Exploration giant ONGC will acquire the government’s 51.11 per cent stake in HPCL through bulk or block deal in November or December, reported PTI. The government seems to have opted for acquisition route for combining the two companies, making HPCL a subsidiary of ONGC rather than merging the two. HPCL will retain its brand post-merger.
ONGC has appointed SBI Cap and the Citi Group as its merchant bankers for the deal and Shardul Amarchand Mangaldas as legal advisor, who would study the IM to arrive at a valuation for the takeover of the country’s third-largest refining and oil marketing company. The deal is likely to fetch over Rs 33,000 crore to the government at the current market price.
As the merger deal inches ahead, the minority shareholders in HPCL may not gain or lose much from it, apart from the gain or loss in the share prices.
ONGC will do the due diligence of HPCL’s assets based on the IM and publicly available information to arrive at the valuation. Negotiations between ONGC and the government will follow if the valuation is vastly different from the one the government has arrived at, PTI reported.

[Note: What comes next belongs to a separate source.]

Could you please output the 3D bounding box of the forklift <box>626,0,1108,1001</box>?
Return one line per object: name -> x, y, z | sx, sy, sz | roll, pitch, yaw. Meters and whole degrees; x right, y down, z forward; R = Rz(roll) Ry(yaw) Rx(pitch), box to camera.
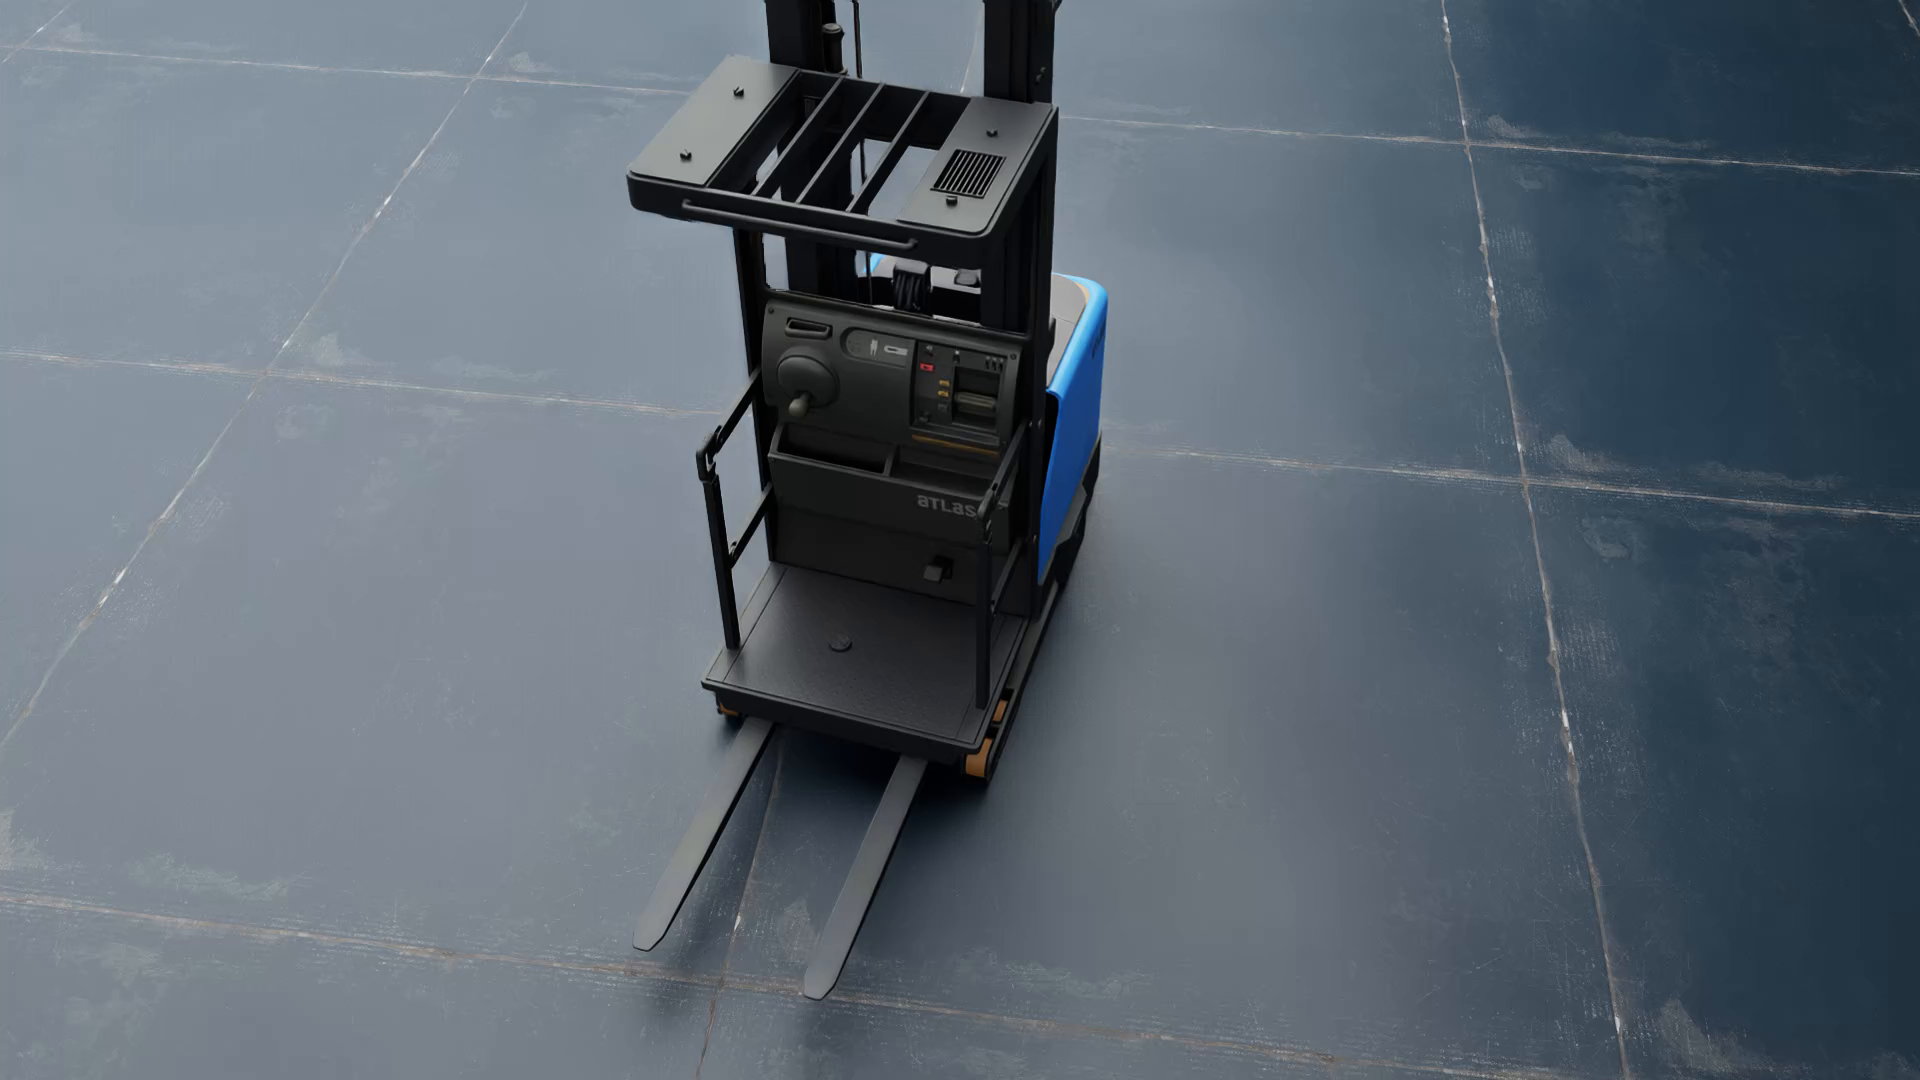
forklift -> -0.310, -0.479, 5.624 | 1.130, 2.935, 3.031 | 12, 45, 13

The Cabinet Committee on Economic Affairs (CCEA) had on July 19 granted ‘in-principle’ approval to the strategic sale of the government’s existing 51.11 per cent stake in HPCL to ONGC. At today’s trading price of Rs 428.75, ONGC would have to pay Rs 33,268 crore for buying the government’s 51.11 per cent stake. Had it been required to make an open offer, it would have had to shell out additional Rs 17,100 crore to buy another 26 per cent from the open market.
MRPL to go along with HPCL?
There is no clarity on the fate of MRPL, which is a subsidiary of ONGC and HPCL. HPCL chairman and managing director M K Surana last week said that any discussion on the fate of MRPL has not been taken yet, but it is likely that the subsidiary company will “along with HPCL”. HPCL owns 17 per cent in MRPL.
Experts have earlier pointed out that since MRPL and HPCL are essentially in the same business, it doesn’t make sense for ONGC to keep two separate companies under its fold.
HPCL owns and operates two major refineries producing a wide variety of petroleum fuels and specialities, one in Mumbai (West Coast) of 7.5 million tonnes per annum (MMTPA) capacity and the other in Visakhapatnam (East Coast) with a capacity of 8.3 MMTPA.
Bulk and block deals
Both bulk and block deals are done on stock exchanges. A block deal happens when a transaction involves a minimum quantity of 5,00,000 shares or a minimum value of Rs 5 crore between two parties. Such deal takes place through a separate window at the beginning of trading hours for the duration of 35 minutes i.e. from 9.15 am to 9.50 am in a price range of +1% to -1% of the ruling market price.
A bulk deal is a trade where the total quantity of shares bought or sold is more than 0.5 per cent of the number of shares of a listed company. Bulk deals happen during the normal trading window provided by the broker.